The package service’s connection pool fills because connections are held longer.
The route optimizer, waiting for the package service, times out after 5 seconds. But it retries immediately.
The retries double the load on the package service, which is already overloaded.
The route optimizer’s thread pool fills. It stops responding to the dispatch service.
The dispatch service times out and alerts on-call.

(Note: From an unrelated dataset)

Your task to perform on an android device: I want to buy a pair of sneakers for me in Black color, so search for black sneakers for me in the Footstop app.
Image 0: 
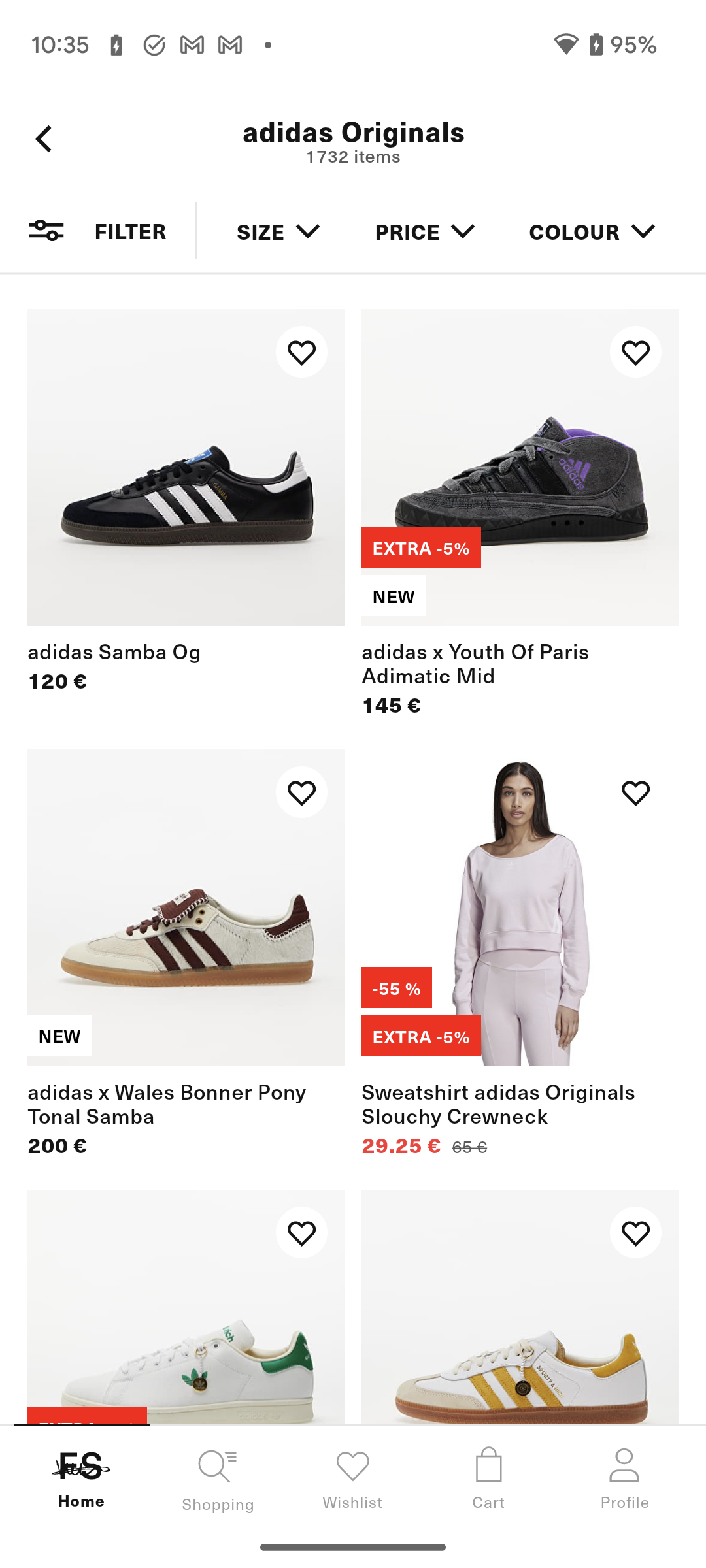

Three failures in 30 seconds, caused by a checkpoint.

Breaking the Cascade

// Concept: circuit breaker to prevent cascading failure
// When the package service is slow, stop calling it instead of retrying.

// Circuit states:
// CLOSED: normal operation, requests pass through
// OPEN: package service is failing, requests are rejected immediately
// HALF_OPEN: test one request to see if the service has recovered

// Simplified circuit breaker (production: use resilience4j)
class CircuitBreaker {
    private int failureCount = 0;
    private int failureThreshold = 5;
    private long openUntil = 0;

    boolean allowRequest() {
        if (System.currentTimeMillis() < openUntil) {
            return false;  // OPEN: reject immediately
        }
        return true;
    }

    void recordFailure() {
        failureCount++;
        if (failureCount >= failureThreshold) {
            openUntil = System.currentTimeMillis() + 30_000;  // Open for 30 seconds
            failureCount = 0;
        }
    }

    void recordSuccess() {
        failureCount = 0;
        openUntil = 0;
    }
}

The circuit breaker prevents the route optimizer from hammering a failing package service. When 5 consecutive requests fail, the circuit opens for 30 seconds. During that window, requests to the package service are rejected immediately without consuming threads, connections, or network bandwidth. After 30 seconds, one test request is sent. If it succeeds, the circuit closes and normal traffic resumes.

The Recovery Playbook

When a data system failure occurs, the recovery sequence matters. Wrong ordering causes secondary failures.

Restart Order

Storage layer first: PostgreSQL, RocksDB. Wait for crash recovery (WAL replay) to complete before accepting connections.
Message layer second: Kafka brokers. Wait for ISR to re-form and under-replicated partitions to sync.
Application layer third: Services that read from the recovered storage and message layers.
Derived stores last: Redis caches, ClickHouse analytics. Rebuild from the source of truth or replay from Kafka.

Post-Incident Verification

-- Concept: verifying data integrity after a failure
-- Check for gaps in the package event sequence

SELECT
    package_id,
    status,
    timestamp,
    LAG(timestamp) OVER (PARTITION BY package_id ORDER BY timestamp) as prev_timestamp,
    timestamp - LAG(timestamp) OVER (PARTITION BY package_id ORDER BY timestamp) as gap
FROM package_events
WHERE timestamp > now() - interval '24 hours'
ORDER BY gap DESC NULLS LAST
LIMIT 20;

-- Large gaps may indicate lost events during the failure.
-- Cross-reference with Kafka consumer lag metrics at the time of failure.

The Decision Rule

Implement fencing for every leader-election system. A promotion without fencing is a split brain waiting to happen.

Choose consistency or availability per data entity, not globally. Critical business data (inventory, assignments) gets acks=all and min.insync.replicas=2. Ephemeral data (metrics, logs) gets acks=1.

Use logical ordering (LSN, offsets, sequence numbers) instead of wall clock timestamps for any ordering that must be correct across machines. Wall clock timestamps are useful for display. They are not reliable for ordering.

Implement circuit breakers on every inter-service call. A service that retries a failing dependency without a circuit breaker converts a single-service failure into a system-wide outage.

Recovery is not “restart everything.” It is a sequenced process: storage first, messaging second, application third, derived stores last. Test the recovery sequence before you need it.